> _Problem description_
After locating "- Chiara Ferragni: 27600000 - 24800000" in the listing below, copy that line and each one after it exactly, ending with the line that has "Answer: 2 Which".

> _Data supplied_
★ ★ ★ ★

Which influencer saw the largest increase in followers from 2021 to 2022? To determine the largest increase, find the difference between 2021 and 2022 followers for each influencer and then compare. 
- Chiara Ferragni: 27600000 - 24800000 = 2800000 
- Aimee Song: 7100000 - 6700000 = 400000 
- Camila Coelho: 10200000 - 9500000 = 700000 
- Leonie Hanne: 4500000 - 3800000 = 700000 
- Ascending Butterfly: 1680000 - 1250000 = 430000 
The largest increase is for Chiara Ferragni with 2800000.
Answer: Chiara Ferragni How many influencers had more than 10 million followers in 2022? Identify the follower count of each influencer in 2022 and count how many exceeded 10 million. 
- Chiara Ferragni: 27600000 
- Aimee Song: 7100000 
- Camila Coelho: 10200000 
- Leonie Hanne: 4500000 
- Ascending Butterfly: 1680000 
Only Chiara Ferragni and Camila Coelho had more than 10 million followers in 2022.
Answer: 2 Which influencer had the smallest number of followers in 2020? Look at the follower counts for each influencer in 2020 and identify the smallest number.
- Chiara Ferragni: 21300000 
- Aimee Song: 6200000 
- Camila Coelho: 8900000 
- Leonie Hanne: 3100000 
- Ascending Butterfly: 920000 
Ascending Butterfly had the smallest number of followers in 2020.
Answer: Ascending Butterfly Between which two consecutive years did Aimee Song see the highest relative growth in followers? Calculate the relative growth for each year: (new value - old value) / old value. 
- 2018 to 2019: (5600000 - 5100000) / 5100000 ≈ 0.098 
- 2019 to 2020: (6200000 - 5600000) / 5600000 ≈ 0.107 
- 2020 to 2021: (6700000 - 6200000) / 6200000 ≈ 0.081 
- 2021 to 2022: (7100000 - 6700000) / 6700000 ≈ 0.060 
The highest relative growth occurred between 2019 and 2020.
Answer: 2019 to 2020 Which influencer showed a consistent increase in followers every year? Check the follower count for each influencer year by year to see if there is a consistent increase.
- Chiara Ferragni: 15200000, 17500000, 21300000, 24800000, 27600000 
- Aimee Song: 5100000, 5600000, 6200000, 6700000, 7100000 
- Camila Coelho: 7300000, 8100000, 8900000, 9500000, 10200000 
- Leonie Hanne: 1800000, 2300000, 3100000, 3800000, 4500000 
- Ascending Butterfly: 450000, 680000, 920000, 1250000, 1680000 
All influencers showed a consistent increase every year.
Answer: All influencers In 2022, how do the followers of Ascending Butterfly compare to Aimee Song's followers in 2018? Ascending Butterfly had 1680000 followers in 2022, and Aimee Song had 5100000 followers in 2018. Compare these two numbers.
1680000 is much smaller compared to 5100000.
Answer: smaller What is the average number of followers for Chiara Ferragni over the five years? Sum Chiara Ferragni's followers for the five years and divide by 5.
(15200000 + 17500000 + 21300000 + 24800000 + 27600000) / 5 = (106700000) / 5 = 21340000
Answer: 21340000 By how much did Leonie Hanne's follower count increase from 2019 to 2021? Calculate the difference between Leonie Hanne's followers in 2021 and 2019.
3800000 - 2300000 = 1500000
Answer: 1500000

★ ★ ★ ★

> _The answer_
- Chiara Ferragni: 27600000 - 24800000 = 2800000 
- Aimee Song: 7100000 - 6700000 = 400000 
- Camila Coelho: 10200000 - 9500000 = 700000 
- Leonie Hanne: 4500000 - 3800000 = 700000 
- Ascending Butterfly: 1680000 - 1250000 = 430000 
The largest increase is for Chiara Ferragni with 2800000.
Answer: Chiara Ferragni How many influencers had more than 10 million followers in 2022? Identify the follower count of each influencer in 2022 and count how many exceeded 10 million. 
- Chiara Ferragni: 27600000 
- Aimee Song: 7100000 
- Camila Coelho: 10200000 
- Leonie Hanne: 4500000 
- Ascending Butterfly: 1680000 
Only Chiara Ferragni and Camila Coelho had more than 10 million followers in 2022.
Answer: 2 Which influencer had the smallest number of followers in 2020? Look at the follower counts for each influencer in 2020 and identify the smallest number.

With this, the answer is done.